Caught between the need for a continuous bike lane and the demands of drivers, Portland transportation engineers finally came up with a solution. Next month, the city will fill the gaps in the network with new shared-lane pavement markings, called "sharrows." Stencils of a bicycle with two chevron markings above it will be painted, two per block, in areas too narrow for a bike lane. The idea is to keep cyclists away from parked cars while promoting awareness of their right to use the road.

"The sharrow sends the message to cyclists, 'yes, you are welcome here,' " says Mia Birk, a principal with Alta Planning + Design in Portland and lead author of a recent study on shared-pavement markings in San Francisco.

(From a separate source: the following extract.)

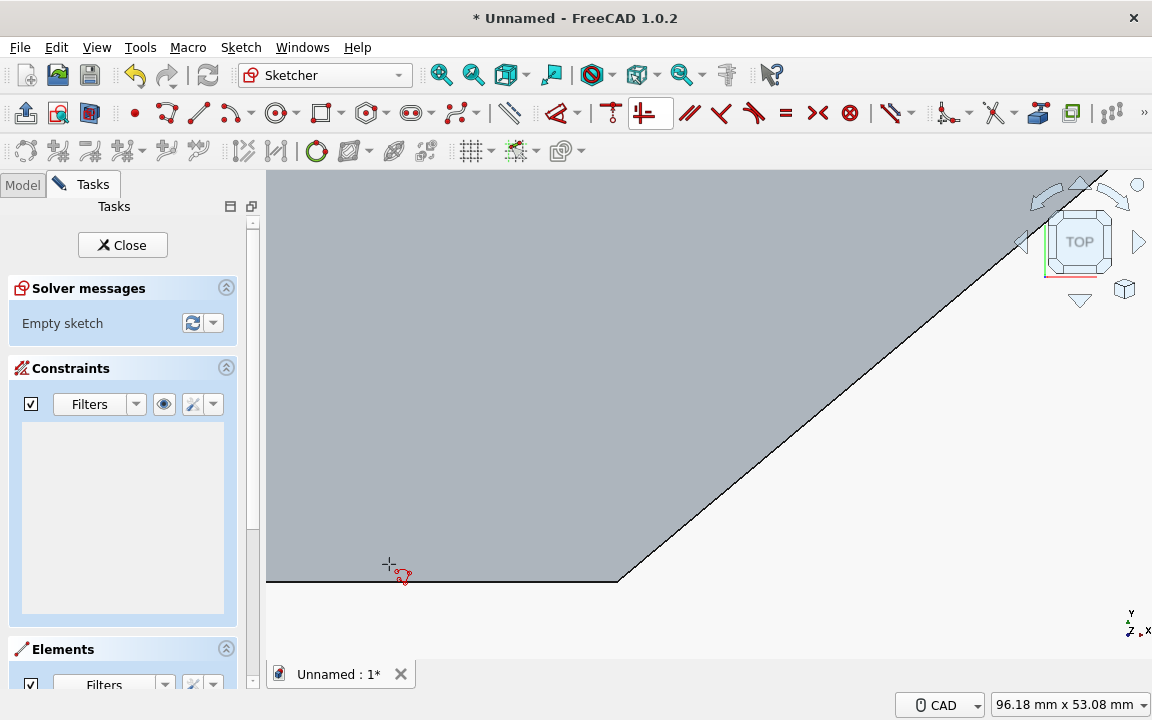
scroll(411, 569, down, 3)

Pioneered in Denver in the mid-1990s, sharrows are attracting the attention of transportation officials around the United States. But the markings are controversial. In June, Boulder, Colo., became one of the few cities outside of California to install the shared-lane markings; that same month, sharrows were rejected by the National Committee on Uniform Traffic Devices, an organization that sets national traffic standards.

"We have a litigious society," says Ms. Birk, explaining the challenges of implementing bike-friendly street designs. "It takes a progressive traffic engineer to say 'I'm comfortable enough to take a risk.' "

Some cycling advocates say sharrows will preempt the installation of bike lanes, which often entail hard-fought battles to remove a car travel lane or on-street parking.

"Once sharrows are accepted, they will become the preferred solution," says Kevin Jackson, who sits on the Bike and Pedestrian Committee in Sunnyvale, Calif. "Not because they are better, but because they are politically expedient."

The principle behind sharrows is simple: They reinforce existing rules of the road. In most states, cyclists are required to stay as far to the right as possible, except under unsafe conditions. One of these conditions is when the travel lane is too narrow for side-by-side passage of an automobile and a bicycle.